[Data items]
%%

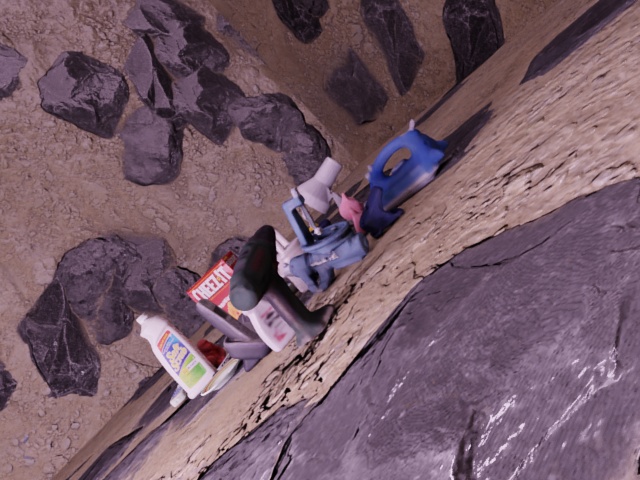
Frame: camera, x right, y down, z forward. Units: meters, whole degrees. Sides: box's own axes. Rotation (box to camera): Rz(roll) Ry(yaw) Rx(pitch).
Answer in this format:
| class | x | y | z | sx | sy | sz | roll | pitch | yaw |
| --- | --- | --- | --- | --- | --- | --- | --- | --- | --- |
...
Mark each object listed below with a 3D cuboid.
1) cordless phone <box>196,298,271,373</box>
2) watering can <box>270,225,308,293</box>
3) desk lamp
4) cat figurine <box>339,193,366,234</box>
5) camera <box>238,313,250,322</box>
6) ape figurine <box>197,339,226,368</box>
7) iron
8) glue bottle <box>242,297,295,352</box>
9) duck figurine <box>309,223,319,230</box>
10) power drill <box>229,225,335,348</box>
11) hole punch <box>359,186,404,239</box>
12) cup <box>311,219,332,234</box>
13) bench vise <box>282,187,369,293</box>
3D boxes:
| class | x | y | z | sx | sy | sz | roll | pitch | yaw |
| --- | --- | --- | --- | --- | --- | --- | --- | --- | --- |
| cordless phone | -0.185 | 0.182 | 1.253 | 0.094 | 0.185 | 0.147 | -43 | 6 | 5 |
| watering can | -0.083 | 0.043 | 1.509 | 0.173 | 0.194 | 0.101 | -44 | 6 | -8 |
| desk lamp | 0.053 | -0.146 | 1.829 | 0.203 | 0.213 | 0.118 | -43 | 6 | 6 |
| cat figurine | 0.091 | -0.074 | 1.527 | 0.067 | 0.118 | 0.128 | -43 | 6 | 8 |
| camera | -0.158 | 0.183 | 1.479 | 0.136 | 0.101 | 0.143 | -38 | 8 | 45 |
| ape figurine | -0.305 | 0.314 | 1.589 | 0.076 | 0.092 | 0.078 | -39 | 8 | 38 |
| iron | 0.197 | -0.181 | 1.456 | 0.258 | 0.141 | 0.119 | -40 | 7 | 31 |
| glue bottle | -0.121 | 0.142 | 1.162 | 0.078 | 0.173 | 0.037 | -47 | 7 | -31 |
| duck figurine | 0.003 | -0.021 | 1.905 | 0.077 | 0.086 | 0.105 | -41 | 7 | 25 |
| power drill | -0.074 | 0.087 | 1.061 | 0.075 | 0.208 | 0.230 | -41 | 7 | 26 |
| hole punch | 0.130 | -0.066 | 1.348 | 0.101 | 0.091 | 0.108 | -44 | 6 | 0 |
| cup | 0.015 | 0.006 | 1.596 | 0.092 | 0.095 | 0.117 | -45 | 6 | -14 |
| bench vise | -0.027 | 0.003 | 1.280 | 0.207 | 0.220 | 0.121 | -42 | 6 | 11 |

%%
%%

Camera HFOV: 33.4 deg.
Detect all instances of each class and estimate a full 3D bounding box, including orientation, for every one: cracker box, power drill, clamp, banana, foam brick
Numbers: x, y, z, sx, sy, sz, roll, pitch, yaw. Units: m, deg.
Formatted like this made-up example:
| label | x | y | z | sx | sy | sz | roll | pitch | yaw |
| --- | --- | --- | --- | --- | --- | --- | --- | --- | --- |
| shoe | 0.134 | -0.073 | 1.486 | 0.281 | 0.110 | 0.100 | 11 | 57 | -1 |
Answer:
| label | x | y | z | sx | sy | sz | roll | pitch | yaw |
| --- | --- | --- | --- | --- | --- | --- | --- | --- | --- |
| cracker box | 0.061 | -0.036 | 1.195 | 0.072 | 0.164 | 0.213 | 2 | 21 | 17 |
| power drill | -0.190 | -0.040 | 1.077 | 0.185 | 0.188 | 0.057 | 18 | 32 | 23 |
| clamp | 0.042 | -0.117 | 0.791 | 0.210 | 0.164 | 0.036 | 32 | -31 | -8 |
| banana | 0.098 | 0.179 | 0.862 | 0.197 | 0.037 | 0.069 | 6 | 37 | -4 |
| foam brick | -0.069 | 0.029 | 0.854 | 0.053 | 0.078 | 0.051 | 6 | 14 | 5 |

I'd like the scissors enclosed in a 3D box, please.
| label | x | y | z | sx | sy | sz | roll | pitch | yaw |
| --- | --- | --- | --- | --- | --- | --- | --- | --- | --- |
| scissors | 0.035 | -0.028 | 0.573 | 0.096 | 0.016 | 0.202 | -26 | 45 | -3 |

%%

### INSTRUCTIONS FOR THE TASK:
Please return all lines above in which the string "Units" is found.

### ANSWER BELOW:
Frame: camera, x right, y down, z forward. Units: meters, whole degrees. Sides: box's own axes. Rotation (box to camera): Rz(roll) Ry(yaw) Rx(pitch).
Numbers: x, y, z, sx, sy, sz, roll, pitch, yaw. Units: m, deg.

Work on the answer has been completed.